The output should hold exactly, and only, the lines from the line bearing "Numbers: x, y, z, sx, sy, sz, roll, pitch, yaw." through the last line of the listing below, and no pictures.
________________________
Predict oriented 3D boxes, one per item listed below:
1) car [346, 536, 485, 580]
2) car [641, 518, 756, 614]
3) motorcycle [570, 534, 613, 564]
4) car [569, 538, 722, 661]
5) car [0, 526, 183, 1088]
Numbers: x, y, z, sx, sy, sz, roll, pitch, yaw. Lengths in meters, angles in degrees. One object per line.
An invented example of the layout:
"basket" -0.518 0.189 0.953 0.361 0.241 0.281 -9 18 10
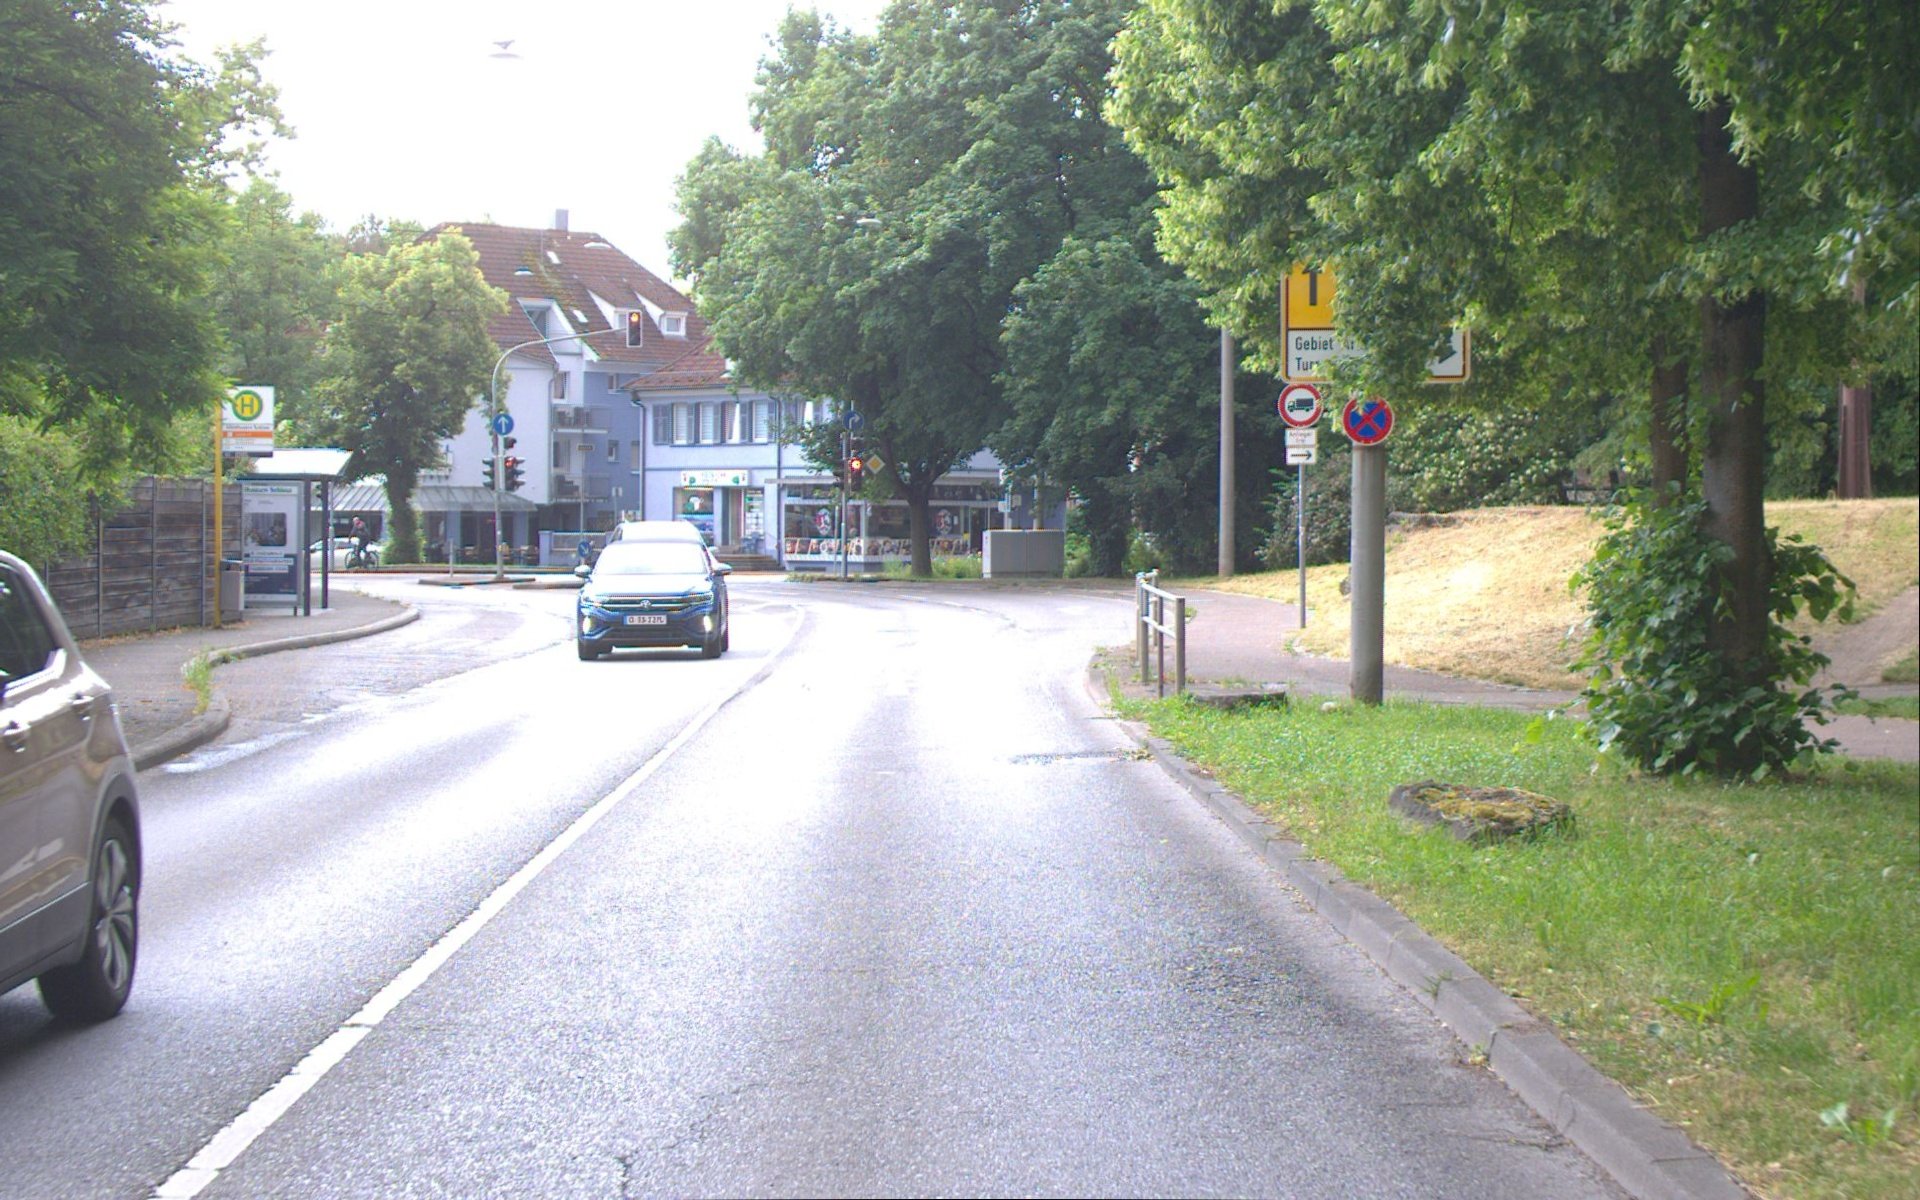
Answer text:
________________________
Written response
Numbers: x, y, z, sx, sy, sz, roll, pitch, yaw. Lengths in meters, angles in degrees. One object per line.
An invented example of the layout:
"basket" -0.518 0.189 0.953 0.361 0.241 0.281 -9 18 10
Answer text:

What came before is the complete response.